Imaging and clinical evaluation of cartilage repair. (A) MR images show tissue repair over 6 months after treatment with implant + microfracture (Mfx) or Mfx alone. Sample sagittal MR images are of the tibiofemoral joint acquired using T₁-weighted (T₁W), fat-suppressed gradient echo and proton density–weighted (PDW), fat-suppressed fast spin echo at baseline and at 6 months.
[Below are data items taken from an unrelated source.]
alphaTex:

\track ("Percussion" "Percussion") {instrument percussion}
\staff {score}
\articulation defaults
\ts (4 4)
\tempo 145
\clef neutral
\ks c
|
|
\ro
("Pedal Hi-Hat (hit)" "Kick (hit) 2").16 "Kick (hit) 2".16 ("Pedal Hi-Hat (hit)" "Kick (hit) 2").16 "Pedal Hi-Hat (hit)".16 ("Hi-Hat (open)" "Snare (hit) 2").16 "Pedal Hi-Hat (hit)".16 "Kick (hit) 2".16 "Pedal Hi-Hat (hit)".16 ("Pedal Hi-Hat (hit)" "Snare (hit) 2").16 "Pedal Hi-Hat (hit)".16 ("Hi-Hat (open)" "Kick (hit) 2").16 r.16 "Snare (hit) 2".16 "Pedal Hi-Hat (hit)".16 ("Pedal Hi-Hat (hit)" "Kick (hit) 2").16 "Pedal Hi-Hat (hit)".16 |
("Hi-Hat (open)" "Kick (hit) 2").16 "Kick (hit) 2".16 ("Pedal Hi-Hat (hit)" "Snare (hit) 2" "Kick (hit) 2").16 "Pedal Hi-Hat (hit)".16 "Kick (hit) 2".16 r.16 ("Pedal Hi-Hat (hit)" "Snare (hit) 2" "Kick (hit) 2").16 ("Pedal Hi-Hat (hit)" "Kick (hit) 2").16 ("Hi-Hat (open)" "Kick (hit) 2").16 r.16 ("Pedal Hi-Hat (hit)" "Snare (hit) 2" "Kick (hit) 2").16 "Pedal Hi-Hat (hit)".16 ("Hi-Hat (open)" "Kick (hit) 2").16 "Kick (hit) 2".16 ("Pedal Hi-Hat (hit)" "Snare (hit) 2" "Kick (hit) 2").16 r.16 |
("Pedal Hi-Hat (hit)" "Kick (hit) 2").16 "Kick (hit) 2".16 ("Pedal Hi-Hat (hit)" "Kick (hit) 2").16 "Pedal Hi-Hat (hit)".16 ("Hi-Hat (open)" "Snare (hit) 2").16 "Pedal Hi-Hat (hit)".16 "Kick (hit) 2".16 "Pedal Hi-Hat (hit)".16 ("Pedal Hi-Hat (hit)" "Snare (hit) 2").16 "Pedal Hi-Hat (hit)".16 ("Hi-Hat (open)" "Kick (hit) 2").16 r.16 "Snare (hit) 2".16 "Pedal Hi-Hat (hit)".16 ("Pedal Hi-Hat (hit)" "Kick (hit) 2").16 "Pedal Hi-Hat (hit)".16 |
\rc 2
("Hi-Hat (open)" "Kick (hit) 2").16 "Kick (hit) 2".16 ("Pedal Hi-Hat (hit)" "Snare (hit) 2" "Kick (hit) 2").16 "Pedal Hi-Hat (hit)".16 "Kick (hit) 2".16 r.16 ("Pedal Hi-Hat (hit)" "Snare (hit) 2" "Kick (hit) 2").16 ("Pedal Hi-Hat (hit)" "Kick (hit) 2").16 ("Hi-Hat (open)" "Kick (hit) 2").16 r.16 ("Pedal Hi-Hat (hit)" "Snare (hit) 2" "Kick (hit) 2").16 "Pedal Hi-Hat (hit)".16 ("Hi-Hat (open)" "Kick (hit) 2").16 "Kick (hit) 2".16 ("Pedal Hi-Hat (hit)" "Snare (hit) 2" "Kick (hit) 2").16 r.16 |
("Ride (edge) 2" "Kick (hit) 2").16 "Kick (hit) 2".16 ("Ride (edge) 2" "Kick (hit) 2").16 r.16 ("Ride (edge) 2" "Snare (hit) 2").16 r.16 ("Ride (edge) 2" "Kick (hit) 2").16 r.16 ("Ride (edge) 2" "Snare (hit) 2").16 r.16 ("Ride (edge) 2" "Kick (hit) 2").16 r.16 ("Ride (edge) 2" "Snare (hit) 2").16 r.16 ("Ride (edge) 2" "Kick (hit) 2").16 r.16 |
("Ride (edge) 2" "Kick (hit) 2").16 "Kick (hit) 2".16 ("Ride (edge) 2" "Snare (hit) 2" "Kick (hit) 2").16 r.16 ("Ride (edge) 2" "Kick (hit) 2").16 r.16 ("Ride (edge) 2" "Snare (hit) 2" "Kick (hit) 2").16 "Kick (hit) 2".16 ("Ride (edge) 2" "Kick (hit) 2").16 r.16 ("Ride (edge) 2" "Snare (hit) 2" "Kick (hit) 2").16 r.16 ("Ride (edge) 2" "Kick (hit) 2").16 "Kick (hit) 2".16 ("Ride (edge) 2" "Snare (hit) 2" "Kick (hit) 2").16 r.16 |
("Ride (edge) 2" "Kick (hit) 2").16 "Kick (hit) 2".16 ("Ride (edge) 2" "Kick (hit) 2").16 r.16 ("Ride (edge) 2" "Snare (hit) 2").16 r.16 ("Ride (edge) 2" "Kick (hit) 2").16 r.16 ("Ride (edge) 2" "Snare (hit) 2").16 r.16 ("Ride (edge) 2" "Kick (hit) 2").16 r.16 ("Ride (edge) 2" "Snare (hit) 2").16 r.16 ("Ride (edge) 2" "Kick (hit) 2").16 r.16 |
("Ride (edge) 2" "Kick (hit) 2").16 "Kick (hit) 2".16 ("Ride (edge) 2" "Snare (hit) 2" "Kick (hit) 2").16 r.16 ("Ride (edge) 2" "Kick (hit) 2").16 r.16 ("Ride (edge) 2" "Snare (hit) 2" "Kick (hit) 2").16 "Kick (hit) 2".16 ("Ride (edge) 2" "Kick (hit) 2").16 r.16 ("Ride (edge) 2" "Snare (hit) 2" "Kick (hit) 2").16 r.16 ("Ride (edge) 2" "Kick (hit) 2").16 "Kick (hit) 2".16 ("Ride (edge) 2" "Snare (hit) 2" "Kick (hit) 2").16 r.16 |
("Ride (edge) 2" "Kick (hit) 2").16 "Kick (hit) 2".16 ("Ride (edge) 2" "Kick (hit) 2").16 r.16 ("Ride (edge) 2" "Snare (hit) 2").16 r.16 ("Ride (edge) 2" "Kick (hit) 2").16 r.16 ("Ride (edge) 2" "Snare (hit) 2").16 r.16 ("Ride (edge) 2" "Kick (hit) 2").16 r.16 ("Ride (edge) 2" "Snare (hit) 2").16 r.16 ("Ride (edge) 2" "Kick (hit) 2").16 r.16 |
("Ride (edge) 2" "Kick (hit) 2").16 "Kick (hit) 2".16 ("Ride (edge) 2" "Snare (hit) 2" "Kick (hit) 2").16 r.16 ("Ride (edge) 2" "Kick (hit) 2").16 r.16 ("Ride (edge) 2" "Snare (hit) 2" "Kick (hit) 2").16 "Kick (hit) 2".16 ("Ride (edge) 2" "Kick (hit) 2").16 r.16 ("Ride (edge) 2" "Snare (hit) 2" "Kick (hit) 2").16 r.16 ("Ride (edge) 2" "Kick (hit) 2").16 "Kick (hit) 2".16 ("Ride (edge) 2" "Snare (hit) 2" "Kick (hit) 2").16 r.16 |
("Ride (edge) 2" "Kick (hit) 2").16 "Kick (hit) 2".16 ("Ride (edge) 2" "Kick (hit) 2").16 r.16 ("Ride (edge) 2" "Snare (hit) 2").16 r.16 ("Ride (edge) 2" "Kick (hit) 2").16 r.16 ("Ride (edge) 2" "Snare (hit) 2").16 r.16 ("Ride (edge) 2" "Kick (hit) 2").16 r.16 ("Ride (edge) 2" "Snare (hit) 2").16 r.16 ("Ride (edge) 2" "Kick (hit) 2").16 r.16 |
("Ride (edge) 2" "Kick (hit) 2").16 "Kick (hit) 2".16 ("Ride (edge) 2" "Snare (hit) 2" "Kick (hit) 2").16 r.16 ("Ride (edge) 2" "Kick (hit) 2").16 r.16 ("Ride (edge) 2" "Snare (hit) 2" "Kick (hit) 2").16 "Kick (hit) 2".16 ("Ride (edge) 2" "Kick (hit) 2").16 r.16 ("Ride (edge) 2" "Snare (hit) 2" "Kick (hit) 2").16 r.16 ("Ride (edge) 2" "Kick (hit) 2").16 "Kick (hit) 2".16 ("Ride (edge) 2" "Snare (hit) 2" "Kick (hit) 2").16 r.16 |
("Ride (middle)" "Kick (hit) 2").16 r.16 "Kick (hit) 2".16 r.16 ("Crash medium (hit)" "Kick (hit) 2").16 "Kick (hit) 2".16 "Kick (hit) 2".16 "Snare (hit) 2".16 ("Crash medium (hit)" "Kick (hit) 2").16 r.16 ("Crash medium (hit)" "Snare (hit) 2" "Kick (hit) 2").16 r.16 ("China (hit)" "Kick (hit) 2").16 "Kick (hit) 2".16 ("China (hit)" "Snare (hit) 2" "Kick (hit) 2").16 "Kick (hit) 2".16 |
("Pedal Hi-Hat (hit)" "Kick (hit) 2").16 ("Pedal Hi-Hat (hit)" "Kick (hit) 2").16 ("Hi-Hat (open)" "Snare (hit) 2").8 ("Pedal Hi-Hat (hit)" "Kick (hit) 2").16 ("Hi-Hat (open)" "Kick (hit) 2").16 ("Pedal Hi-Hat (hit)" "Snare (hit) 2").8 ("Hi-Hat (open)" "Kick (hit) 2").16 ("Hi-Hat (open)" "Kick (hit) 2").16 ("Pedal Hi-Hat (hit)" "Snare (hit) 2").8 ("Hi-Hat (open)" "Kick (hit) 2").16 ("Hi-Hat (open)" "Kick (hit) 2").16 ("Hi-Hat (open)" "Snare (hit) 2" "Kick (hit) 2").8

Arrows highlight the defects. (B) Quantification of defect fill from MR images in (A), using both the fast spin-echo and gradient-echo images; the average of the two measurements was used. Data are means ± SD (n = 15 at baseline, n = 12 at 3 months, and n = 14 at 6 months). *P < 0.05 versus microfracture control. (C) T₂ relaxation times measured from four regions of interest on two images (n = 8 for each patient). Data are means ± SD (n = 9 patients). *P < 0.05 versus respective baseline measurement.

Fig. 5

Patient self-evaluated clinical outcomes. (A to C) Patients evaluated their frequency of pain (A), severity of pain (B), and IKDC scores (knee function) (C) over 6 months. For the implant + microfracture (Mfx) group (n = 15), the box represents values between the 25th and 75th percentiles, the line indicates median value, and the whiskers are the 10th and 90th percentiles. For the Mfx group (n = 3), the box bounds the upper and lower data points, with the line representing the median value. *P < 0.05 compared to baseline value.